Но когда он увиделся с Марианной на мосту и потом на кладбище, он не мог, чтобы не протянуть ей руку. Она посмотрела ему прямо в глаза, притянула его к себе и стояла, чуть не прижимаясь к нему и смотря на него. Она была так необузданно нежна.
Они встретились перед отъездом; юный Виллац пошел прогуляться. Марианна стояла на дороге. Около моста росли ивы, и они остановились под ними. Юный Виллац был одет по дорожному и ждал только прихода парохода. Но несмотря на то, что времени оставалось так мало, он не говорил ничего. Куда девались все слова из его сердца и головы? Марианна тоже молчала. Они стояли оба и щипали ветви ивы.
– Я сегодня уеду, – сказал он.
– Да.
– Уже скоро!
– Феликс тоже уедет, – ответила она на это.– Он уедет в Мексику.
– Неужели?
– Да. Он не хочет учиться. И я тоже уеду, в Христианию, – сказала Марианна. – Мне и хочется и не хочется.
– Христиания это не Берлин. Бояться нечего.
– Ты больше не можешь писать мне, – сказала она.
– Могу. Но у меня не будет времени. Мама сказала, что нужно трудиться, чтобы быть чем-нибудь.
Марианна нагнулась к нему, и он обнял ее и, потеряв всякое самообладание, она попросила его писать по воскресеньям. В воскресенье вечером, объяснила она.
– Да нет, я не могу.
– Я написала тебе много писем. Я писала вчера и сегодня. Вот посмотри!
И она подала ему несколько писем.
– Вот!
И Виллац протянул руку, взял письма и спрятал их в карман. Он был нем от счастья и стыда.
Бог знает, как это случилось, – она была такая большая и такая милая, со своими индейскими волосами, висевшими на спине и медно-красным цветом лица, – Марианна нагнулась к нему, и он обнял ее и не знал сам, что делал. Они стояли обнявшись. Наконец он сказал:
– Позволь мне поцеловать тебя за письма, если ты думаешь, что это можно.
Она не ответила, но сделала движение, которое он принял за согласие. И губы их слились, и они оба закрыли глаза.
Но после этого они вскоре расстались. Они больше не могли смотреть друг на друга и говорить друг с другом. Они оба смотрели в землю.
– Прощай, – сказал он.
– Прощай, – ответила она.
Когда юный Виллац вернулся домой, Готфрид повел его в комнату отца. Старый согнувшийся поручик был очень серьезен.

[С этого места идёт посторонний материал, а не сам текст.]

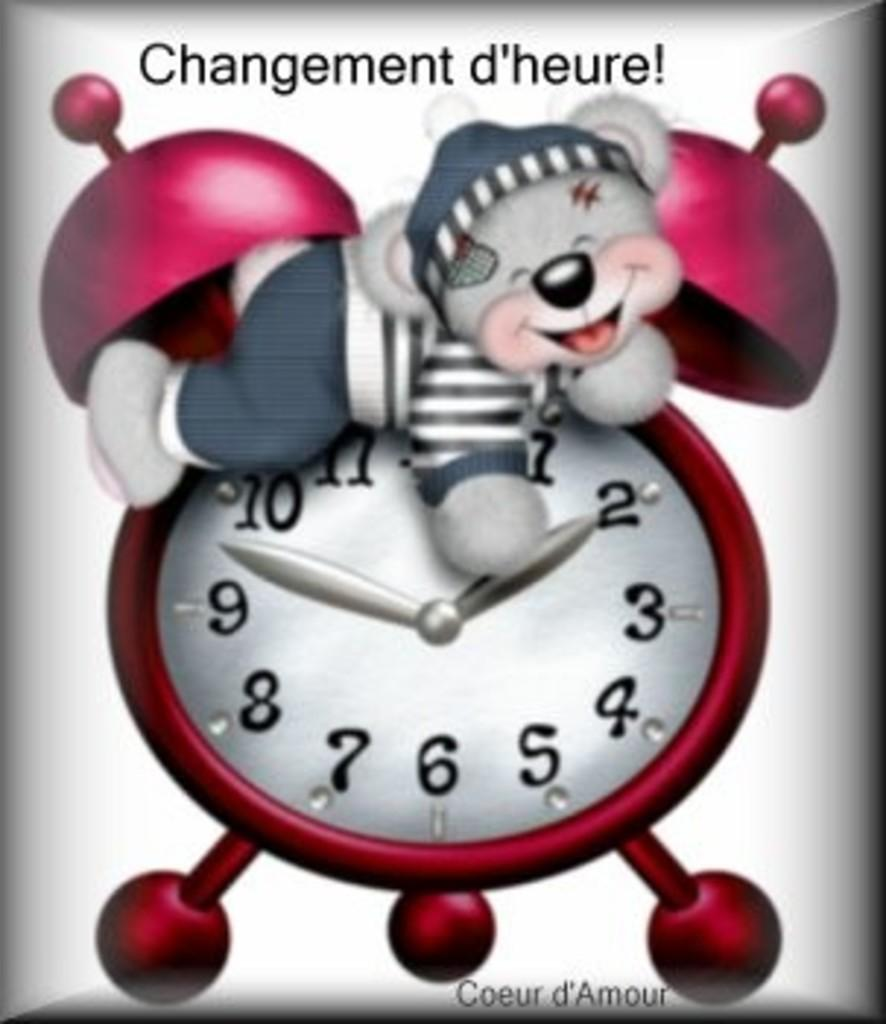<image>
Write a terse but informative summary of the picture. a bear is sitting on a clock that says Changement d'heure

– Я ждал тебя, – сказал он торжественно.
– Прости, я…
– Все прощаю. Гм… Тебя зовут Виллац Вильгельм Мориц фон Плац-Хольмсен.
– Да? – сказал сын.
– Да, – подтвердил отец. Так тебя зовут. Гм… А Виллац – твое сокращенное имя.
– Да?
– Ты можешь звать себя и Морицем, если тебе это нравится.
– Нет, зачем же?
– Я говорю, если тебе нравится.
– Да, но мне это не нравится.
– Разве, живя в Германии, не удобнее называться Морицем? Твоя мать… Мы должны чтить ее память…
– Но я уже записан именем Виллац, – возразил сын.
– Твоя мать называла тебя Морицем.
– Я не помню, чтобы слышал это когда-нибудь.
– Когда ты был маленький.
– А в последнее время никогда.
– Хорошо. Так нечего и говорить об этом, Гм… Ты извинишь, что я не пригласят никого к обеду сегодня?